I have taken two courses at PRTS, and am about to take my third as a registered student. I'm looking forward to being a part of such a great school, who carries the torch of Puritanism into the 21st century.


----------



## VirginiaHuguenot (Jun 29, 2007)

Congrats, Jerrold!


----------



## caddy (Jun 29, 2007)

Wonderful News! Congratulations Jerrold


----------



## turmeric (Jun 29, 2007)

Excellent!


----------



## jawyman (Jun 29, 2007)

JOwen said:


> Just to let you know I was received today into the Th.M program at Puritan Reformed Theological Seminary. My area of concentration will be Post Reformational Studies with an emphasis on the history of preaching and revival.
> 
> I have taken two courses at PRTS, and am about to take my third as a registered student. I'm looking forward to being a part of such a great school, who carries the torch of Puritanism into the 21st century.

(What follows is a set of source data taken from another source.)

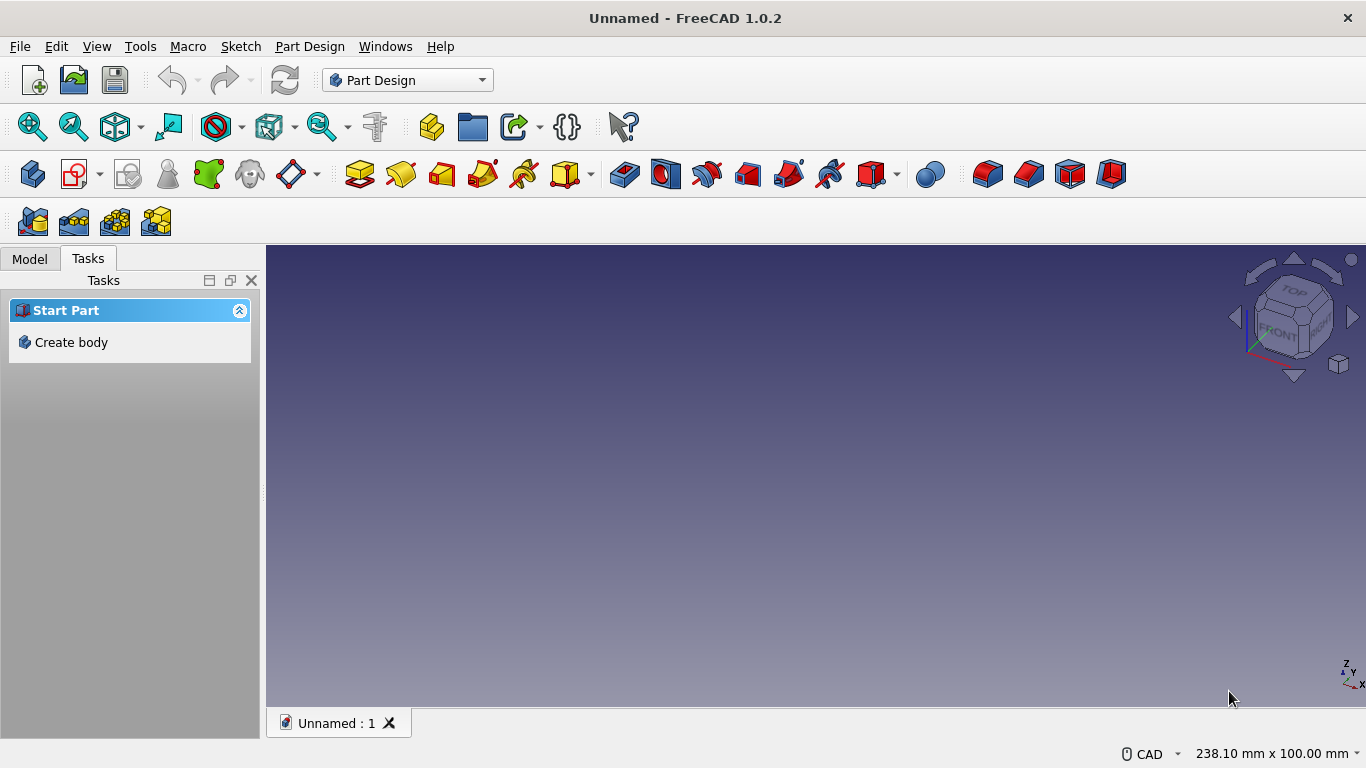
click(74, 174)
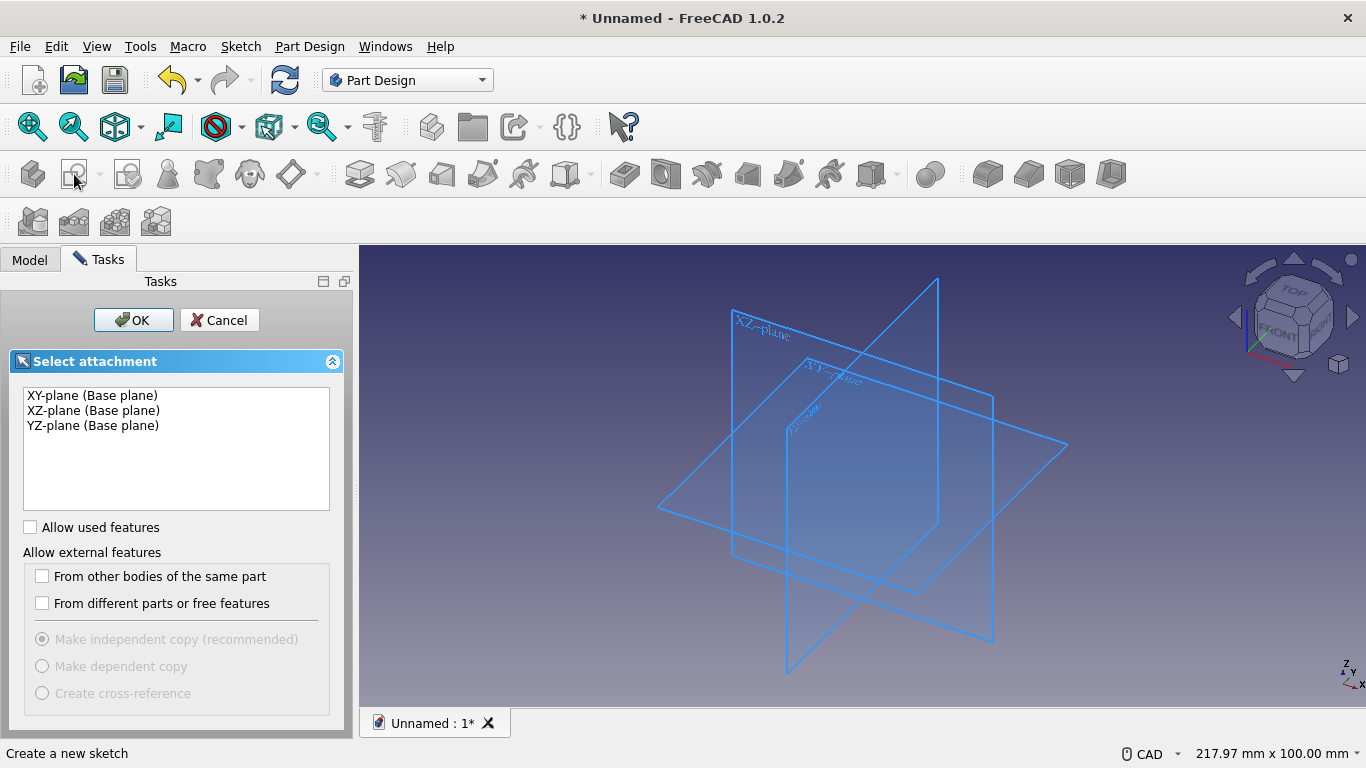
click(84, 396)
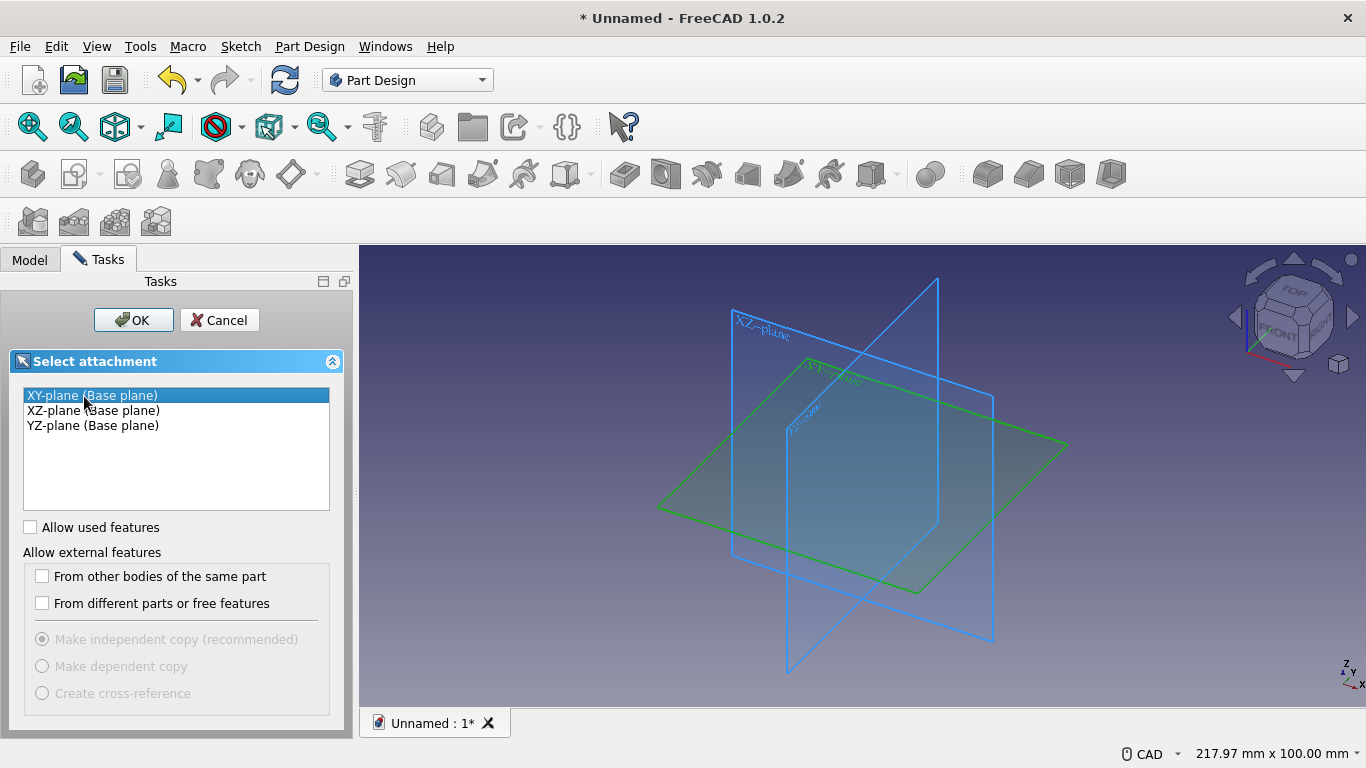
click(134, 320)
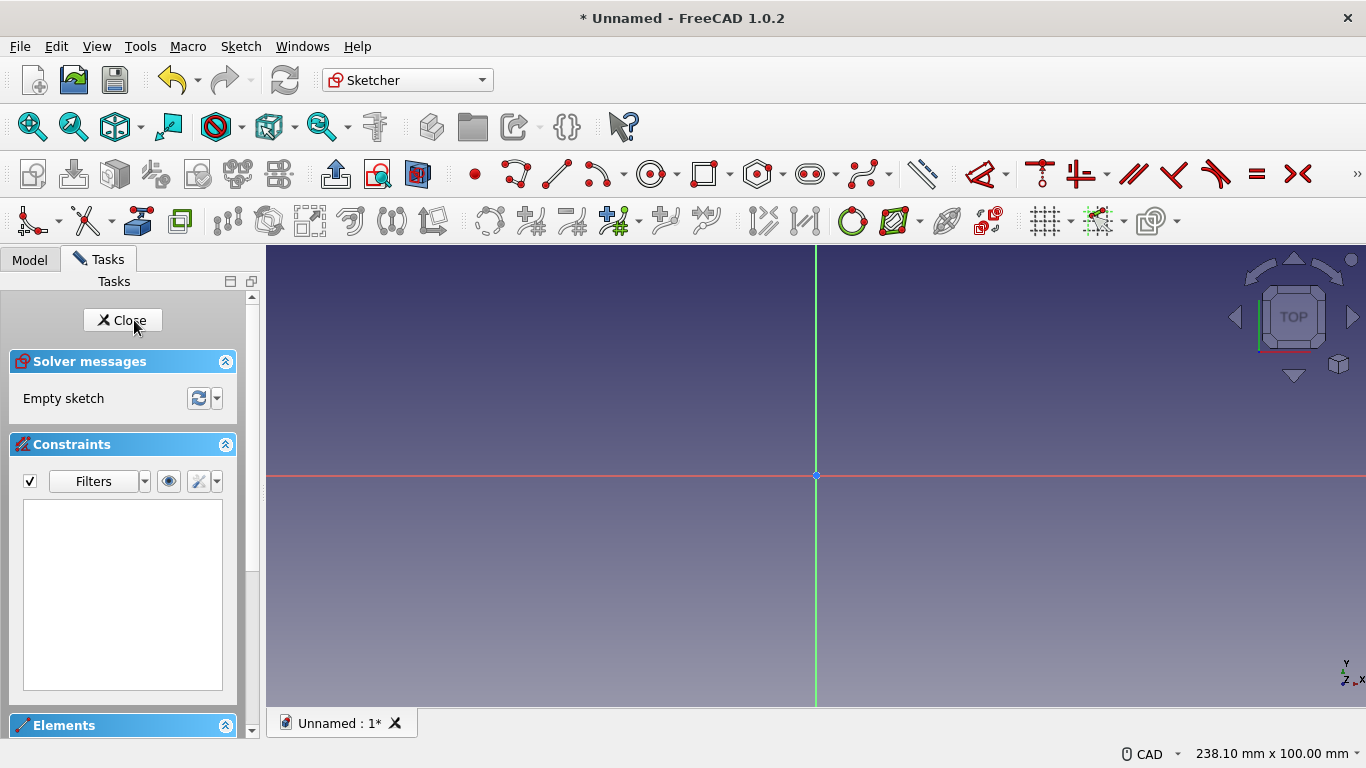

Welcome Brother. I look forward to meeting you and I will pray that your time spent at PRTS will be edifying and fulfilling. A wonderful aspect to PRTS is how academically challenging it is. Dr. Beeke requires a lot of reading.

Again congratulations on your acceptance and we will see you in the Fall. Please do not hesitate to ask me any questions about the Grand Rapids area.


----------



## crhoades (Jun 29, 2007)

May God bless your studies and use them to further His kingdom!


----------



## kvanlaan (Jun 29, 2007)

Congratulations!


----------



## JTDyck (Jun 29, 2007)

*Congrats*

All the best in your studies, Jerrold. May the Lord be pleased to use them to increase the gifts he has already evidently given you. We may have to meet for a celebratory lunch.


----------



## LadyCalvinist (Jun 29, 2007)

Congratulations! MAy the Lord bless you and keep you.


----------



## JOwen (Jun 29, 2007)

jawyman said:


> Welcome Brother. I look forward to meeting you and I will pray that your time spent at PRTS will be edifying and fulfilling. A wonderful aspect to PRTS is how academically challenging it is. Dr. Beeke requires a lot of reading.
> 
> Again congratulations on your acceptance and we will see you in the Fall. Please do not hesitate to ask me any questions about the Grand Rapids area.



Thanks Jeff. I will be in GR in August when I am there to preach in the Free Reformed Church. I plan on coming a bit early to spend some time at the seminary. Perhaps we will meet then.


----------



## JOwen (Jun 29, 2007)

JTDyck said:


> All the best in your studies, Jerrold. May the Lord be pleased to use them to increase the gifts he has already evidently given you. We may have to meet for a celebratory lunch.



That would be great John. Let's set a time. I leave on the 9th for BC for a holiday. Perhaps before or after that.

Jer


----------



## NaphtaliPress (Jun 29, 2007)

kvanlaan said:


> Congratulations!


----------